Project Summary: The agent is will attempt to navigate towards a known goal in a 2D platforming environment. The agent will be “nearsighted” and take in a 5x5 grid of our immediate surroundings as its input. It will then try to predict the best course of action from the following set of actions: walk one space up, down, left, or right; or jump two spaces up, down, left, or right. For every action it takes it will get a reward based on whether it made it to the goal, its distance to the goal, and number of steps it has taken.
Approach: The A.I. currently trains with a genetic algorithm that uses evolutionary learning to run several neural networks against the maze. It then chooses the top x networks sorted on a reward function for the next generation. The program sorts on the following parameters with descending priority: whether it reached the goal, its distance to the goal, and total number of steps it has taken for the current run. Then it performs mutations on each one to add randomness and to avoid falling into local minima. It repeats this cycle for a 1000 iterations so that even if it were to find a solution in that time, it would also potentially be able to look for more optimal solutions. In order to speed up training time and test the efficacy of our approach, we created a discrete simulation of the Minecraft world the agent will be operating in. In our simulation, the world is a 2D vector of 1s and 0s, and our simulation allows us to grab a vector that represents the 5x5 state that the agent sees. This simulation allows us to manually perform any action from our action set. It also updates the world based on what action we forced the agent to do. It will also allow us to manually reset the world but it also automatically resets after the agent “dies.”
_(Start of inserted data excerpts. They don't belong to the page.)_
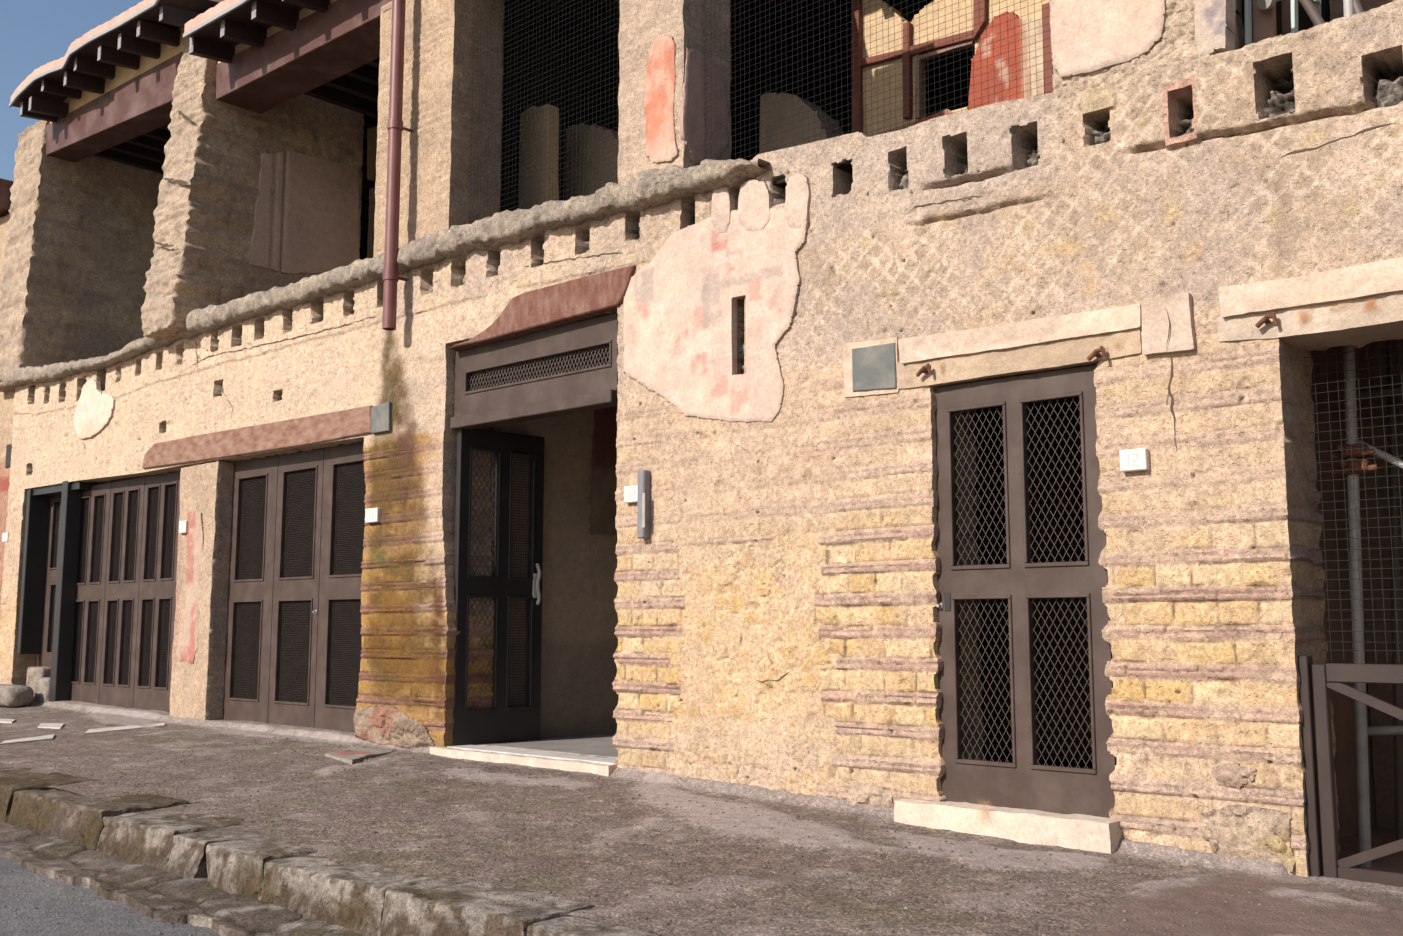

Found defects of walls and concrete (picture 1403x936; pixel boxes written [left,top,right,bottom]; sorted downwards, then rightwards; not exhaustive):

damp [369,331,442,705]
crack [1166,310,1177,452]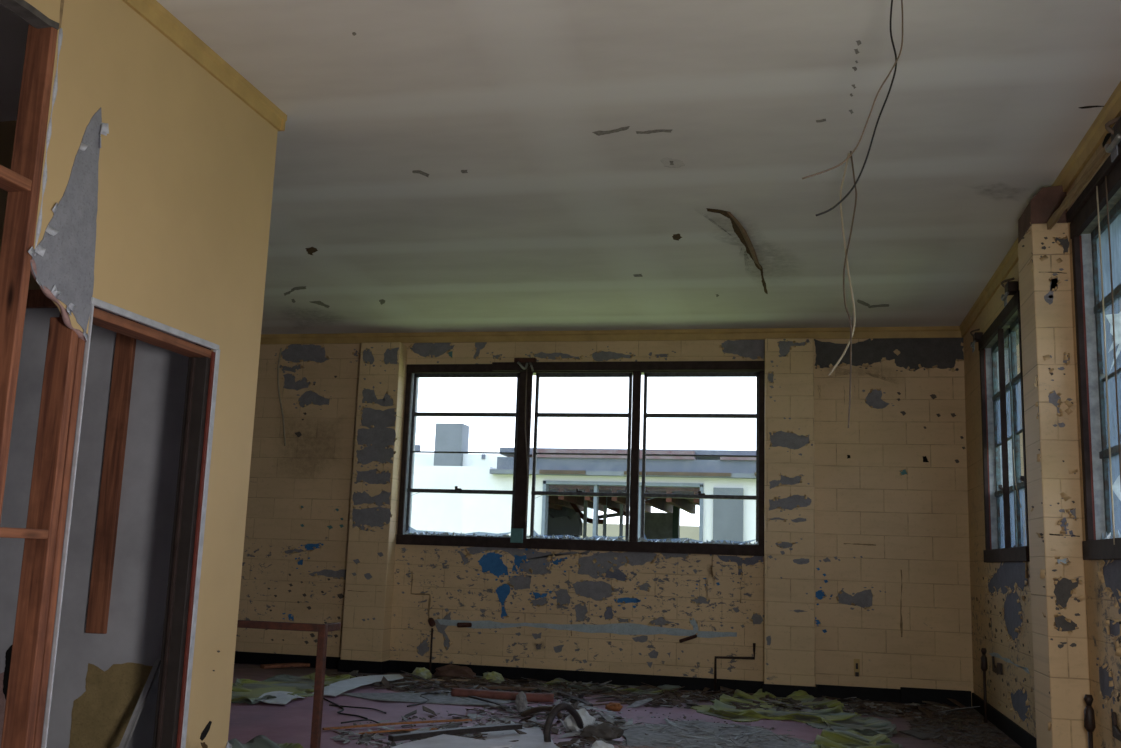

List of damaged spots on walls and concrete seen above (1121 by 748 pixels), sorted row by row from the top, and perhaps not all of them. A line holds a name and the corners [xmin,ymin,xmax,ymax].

peeling [28,244,46,257]
peeling [275,344,332,437]
peeling [719,338,964,402]
peeling [327,343,455,532]
peeling [769,417,813,456]
peeling [766,473,812,524]
peeling [1029,492,1080,538]
spalling [3,645,12,699]
peeling [268,543,372,621]
peeling [444,538,886,668]
peeling [976,555,1087,653]
peeling [1096,559,1121,718]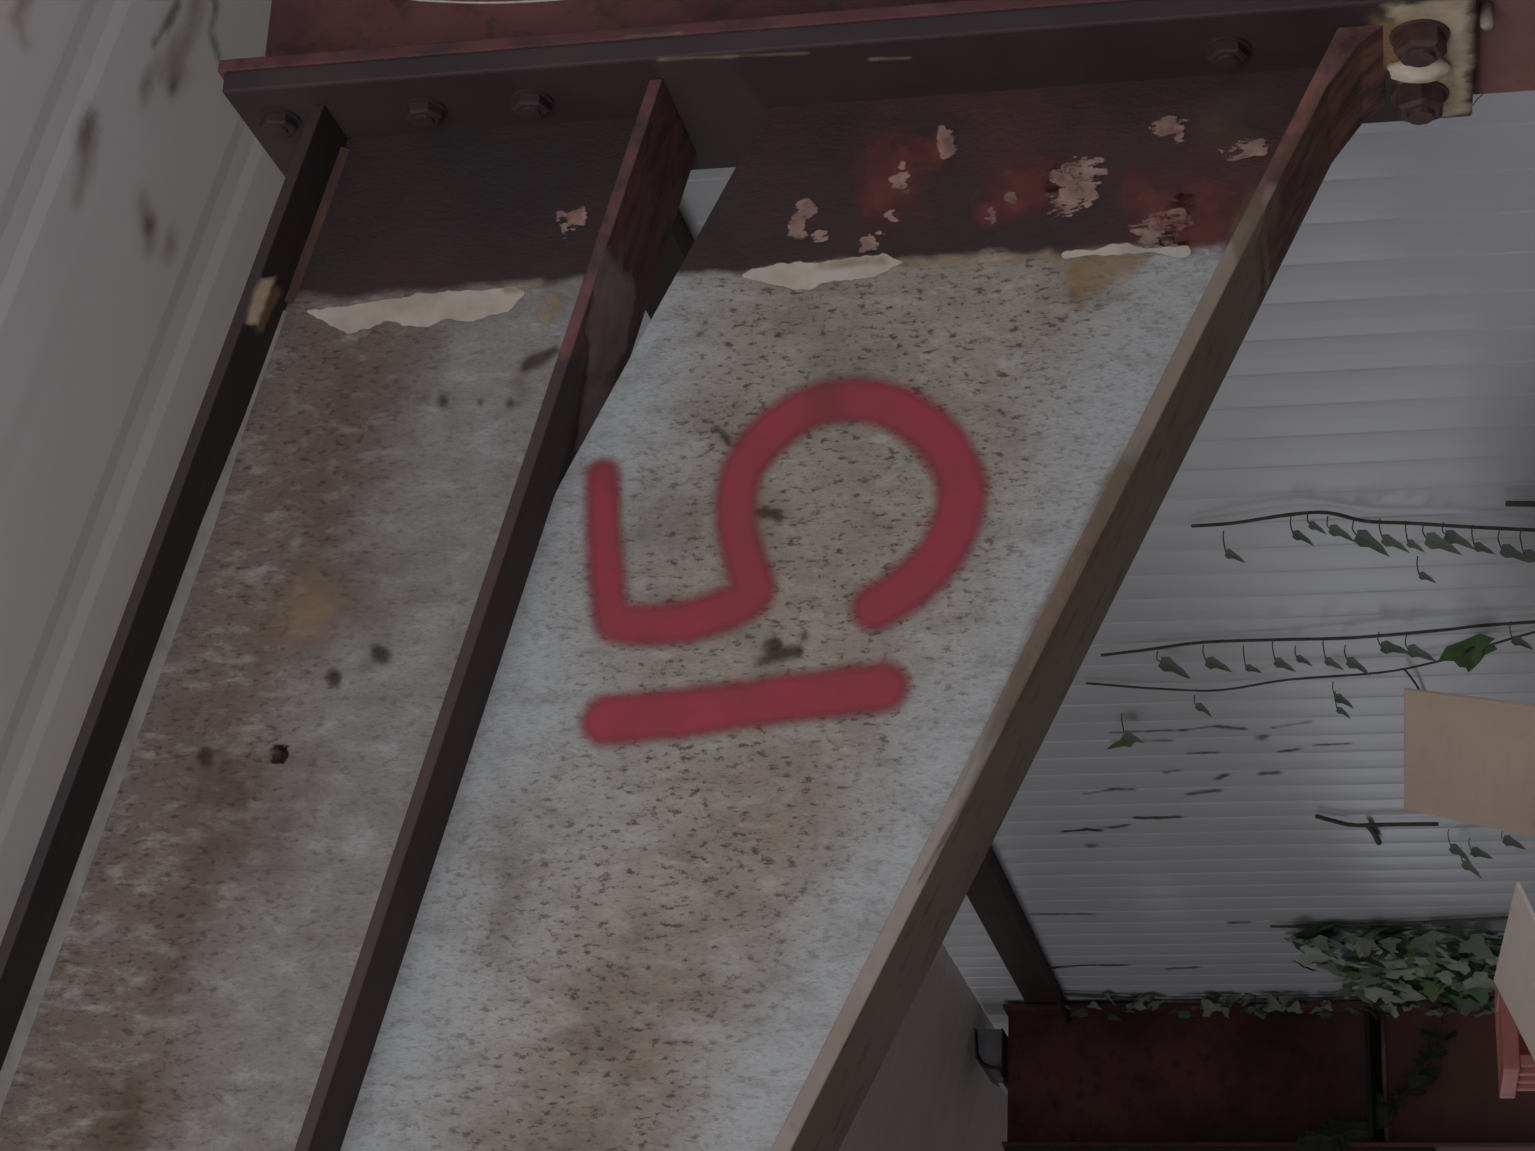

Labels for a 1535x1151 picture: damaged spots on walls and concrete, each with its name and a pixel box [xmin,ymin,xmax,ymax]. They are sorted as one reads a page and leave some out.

Evaluation: Because Malmo can run quite slowly at times, we evaluated our prototype on the simulated environment described above. We used python data structures to store the level data and created an interface to control the agent which matched the malmo implementation. This environment allowed us to quickly evaluate the agent on much more complex levels. To confirm that the agent is learning, we tracked the best agent each generation and plotted it’s fitness function over the generations. The image below shows the level the agent was tasked with completing along with the route the final agent decided to take. The graph below shows the stats of the best agent at each generation:
The orange line represents the steps taken before the agent either dies or reaches the end. This line increases for its majority because every time a generation discovers a new technique, it is able to avoid death for longer. Once the agent has reached the goal, it then prioritizes finding faster solutions, hence the drop in the orange line near the end of training. The blue line represents the distance to the goal which is strictly decreasing. As for evaluation in malmo itself, there appear to still be bugs and inconsistencies in how we control the agent in malmo meaning that even the simple level described in the summary has trouble being learned. When we used the same level in the simulation, our agent could consistently find the optimal solution (two forward jumps) and apply it in every future generation. THis indicates that more work must be done before our malmo implementation is ready.
Remaining Goals and Challenges:
The following is a summary of our future goals: We aim to improve the complexity of mazes that our agent can solve, as well as improving its efficiency at solving them. This will be accomplished by fixing a few bugs in our malmo interface, adding layers to our neural net, and using simulated annealing to reduce mutations as time progresses. We also aim to add some degree of randomness to the maze, as to justify using a machine learning approach over a search based approach.
Our main challenge is due to working with malmo. The documentation is nonexistent, with the tutorials doing very little to explain the specific keywords needed to perform essential actions. The latency between malmo and the python interface also prevents an efficient position tracking system.
Resources Used: We used NumPy, PyTorch, Matplotlib, and Malmo documentation to help build our prototype.